Structured extraction with JSON output
Pair vision input with a JSON schema prompt to extract structured data from images. Tell the model exactly which fields to fill, instruct it to return valid JSON, and pipe the output straight to json.loads(). This turns any photo of a receipt, form, or label into a typed object your application can work with.
Interleaved text and images
All three providers support interleaving — alternating text blocks and image blocks in the same message. This is useful for tasks like "compare image A and image B" or "here is the before state [image1], here is the after state [image2], what changed?". Put each image in its own content block and add text blocks between them to reference them naturally.
Batch and async processing
If you're processing hundreds of images, use the provider's Batch API (Anthropic and OpenAI both offer one). Batch jobs are asynchronous, run off-peak, and are typically billed at half the standard rate. You submit a JSONL file of requests, each with its own image block, and poll for results. This is far more efficient than firing one request per image in a tight loop.
Image token cost optimisation
The biggest lever on cost and latency is image resolution. For OpenAI, using "detail": "low" caps cost at 85 tokens regardless of image size — perfect for classification or routing tasks where fine detail isn't needed. For Claude and Gemini, resizing your image before sending (e.g., to 768px on the longest edge) dramatically reduces the number of image tokens consumed. Profile your actual token usage with the provider's token-counting endpoint before optimising.
FAQ
What image formats can I send to the Claude, GPT-4o, and Gemini APIs?
All three providers support JPEG, PNG, GIF, and WebP. Gemini also accepts BMP, TIFF, and HEIC. If you have an unsupported format, convert it to PNG first — it's universally accepted and losslessly preserves quality.
Should I use base64 or a URL for image inputs?
Use a URL when the image is already publicly accessible on the web — it keeps your request payload small. Use base64 when the image is local, user-uploaded, or you can't guarantee the URL is reachable from the provider's servers. For images you send repeatedly (e.g., a system diagram in every request), Anthropic's Files API is the most efficient option.
How much does it cost to send an image to an LLM API?
Cost is measured in tokens. OpenAI charges 85 tokens per image on low detail and 170 tokens per 512x512 tile on high detail. Claude counts ~28x28 pixel blocks as individual visual tokens, so a typical photo runs 4,000–6,000 tokens. Gemini charges 258 tokens per 768x768 tile for larger images. These image tokens are billed at the same per-token rate as text.
What is the maximum image file size I can send?

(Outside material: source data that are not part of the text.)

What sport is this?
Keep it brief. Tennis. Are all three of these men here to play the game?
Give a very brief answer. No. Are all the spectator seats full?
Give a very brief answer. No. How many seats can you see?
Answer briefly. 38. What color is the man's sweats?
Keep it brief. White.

Claude supports up to 5 MB per image inline. OpenAI and Gemini both allow up to 20 MB per image inline. Remember that base64 encoding inflates the actual byte size by about 33%, so a 20 MB raw image becomes roughly 27 MB of base64 text in the request body — you may hit request-size caps before the per-image limit.

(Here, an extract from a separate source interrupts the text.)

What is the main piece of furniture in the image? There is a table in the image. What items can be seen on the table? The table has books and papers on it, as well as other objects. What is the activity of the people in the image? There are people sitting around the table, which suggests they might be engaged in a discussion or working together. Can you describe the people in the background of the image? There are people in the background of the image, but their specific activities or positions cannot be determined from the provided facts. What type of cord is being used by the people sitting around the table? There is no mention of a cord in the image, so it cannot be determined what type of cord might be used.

Can I send multiple images in a single API call?
Yes. Add multiple image content blocks to the content array in a single message. Claude supports up to 20 images per request at full resolution. Gemini supports up to 3,600 files per request when using the File API. Keep an eye on the total request size — base64-encoding many large images can exceed body-size limits even if individual images are under the per-image cap.

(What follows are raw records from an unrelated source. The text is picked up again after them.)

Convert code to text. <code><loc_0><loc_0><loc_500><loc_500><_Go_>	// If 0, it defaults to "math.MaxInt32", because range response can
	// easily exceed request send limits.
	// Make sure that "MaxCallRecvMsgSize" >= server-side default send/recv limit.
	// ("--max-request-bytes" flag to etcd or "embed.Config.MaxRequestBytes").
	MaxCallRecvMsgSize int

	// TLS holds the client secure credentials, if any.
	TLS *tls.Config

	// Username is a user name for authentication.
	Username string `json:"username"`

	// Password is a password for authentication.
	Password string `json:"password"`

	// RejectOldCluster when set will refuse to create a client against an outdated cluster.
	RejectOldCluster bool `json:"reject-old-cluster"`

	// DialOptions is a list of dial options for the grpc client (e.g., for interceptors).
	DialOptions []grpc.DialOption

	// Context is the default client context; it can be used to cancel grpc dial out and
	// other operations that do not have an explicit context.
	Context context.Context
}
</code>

Why am I getting a 400 error when I send an image to the OpenAI API?
The most common cause is a missing data URL prefix. OpenAI requires base64 images to be formatted as data:image/jpeg;base64,<string> — not a raw base64 string. Also check that the media_type or MIME type matches the actual image format, and that the model you're calling (e.g., gpt-4o, not gpt-3.5-turbo) supports vision inputs.